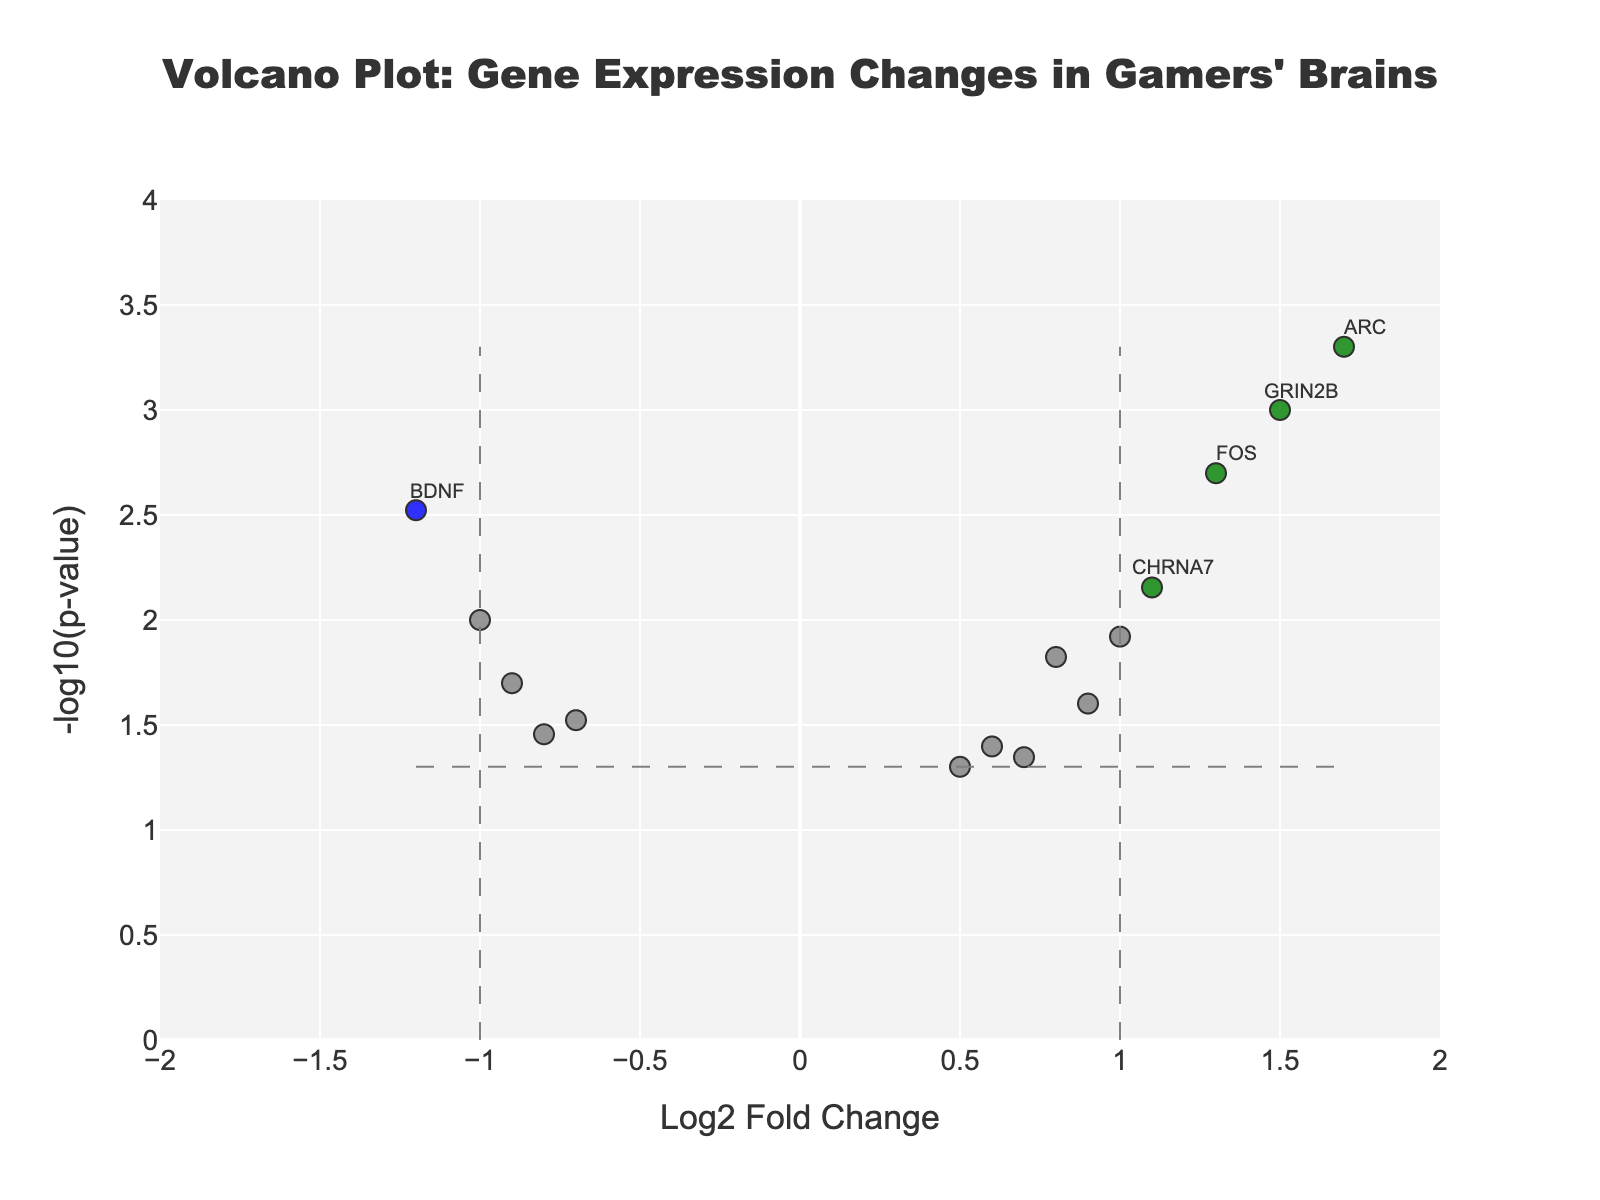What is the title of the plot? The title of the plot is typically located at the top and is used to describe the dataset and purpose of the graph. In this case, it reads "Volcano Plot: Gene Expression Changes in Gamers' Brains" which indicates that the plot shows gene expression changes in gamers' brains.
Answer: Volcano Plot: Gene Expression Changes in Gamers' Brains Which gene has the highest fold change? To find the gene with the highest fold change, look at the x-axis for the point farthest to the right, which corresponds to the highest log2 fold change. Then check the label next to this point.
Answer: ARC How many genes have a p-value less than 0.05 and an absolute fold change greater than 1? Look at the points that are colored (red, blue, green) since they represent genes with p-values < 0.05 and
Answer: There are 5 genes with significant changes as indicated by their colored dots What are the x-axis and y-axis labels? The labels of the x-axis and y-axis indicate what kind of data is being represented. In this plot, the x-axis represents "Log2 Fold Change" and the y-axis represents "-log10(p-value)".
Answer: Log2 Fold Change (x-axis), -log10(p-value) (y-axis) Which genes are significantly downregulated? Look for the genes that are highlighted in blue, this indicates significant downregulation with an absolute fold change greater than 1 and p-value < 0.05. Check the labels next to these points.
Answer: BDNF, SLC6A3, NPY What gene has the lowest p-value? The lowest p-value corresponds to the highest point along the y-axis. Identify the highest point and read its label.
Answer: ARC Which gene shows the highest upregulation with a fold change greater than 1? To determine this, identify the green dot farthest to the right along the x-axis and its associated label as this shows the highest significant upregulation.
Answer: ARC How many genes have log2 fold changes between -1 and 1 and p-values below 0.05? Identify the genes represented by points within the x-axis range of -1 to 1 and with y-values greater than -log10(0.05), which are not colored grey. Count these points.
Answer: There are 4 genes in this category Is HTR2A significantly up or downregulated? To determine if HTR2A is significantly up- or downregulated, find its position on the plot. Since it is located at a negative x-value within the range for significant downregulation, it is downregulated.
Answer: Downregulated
----------
-- WHAT YOU ARE ASKED TO DO --
Nothing but the lines from the one with "Answer: There are 5" through the final line of the data belongs in the answer, and they must match exactly.

-- RESPONSE TO THE TASK --
Answer: There are 5 genes with significant changes as indicated by their colored dots What are the x-axis and y-axis labels? The labels of the x-axis and y-axis indicate what kind of data is being represented. In this plot, the x-axis represents "Log2 Fold Change" and the y-axis represents "-log10(p-value)".
Answer: Log2 Fold Change (x-axis), -log10(p-value) (y-axis) Which genes are significantly downregulated? Look for the genes that are highlighted in blue, this indicates significant downregulation with an absolute fold change greater than 1 and p-value < 0.05. Check the labels next to these points.
Answer: BDNF, SLC6A3, NPY What gene has the lowest p-value? The lowest p-value corresponds to the highest point along the y-axis. Identify the highest point and read its label.
Answer: ARC Which gene shows the highest upregulation with a fold change greater than 1? To determine this, identify the green dot farthest to the right along the x-axis and its associated label as this shows the highest significant upregulation.
Answer: ARC How many genes have log2 fold changes between -1 and 1 and p-values below 0.05? Identify the genes represented by points within the x-axis range of -1 to 1 and with y-values greater than -log10(0.05), which are not colored grey. Count these points.
Answer: There are 4 genes in this category Is HTR2A significantly up or downregulated? To determine if HTR2A is significantly up- or downregulated, find its position on the plot. Since it is located at a negative x-value within the range for significant downregulation, it is downregulated.
Answer: Downregulated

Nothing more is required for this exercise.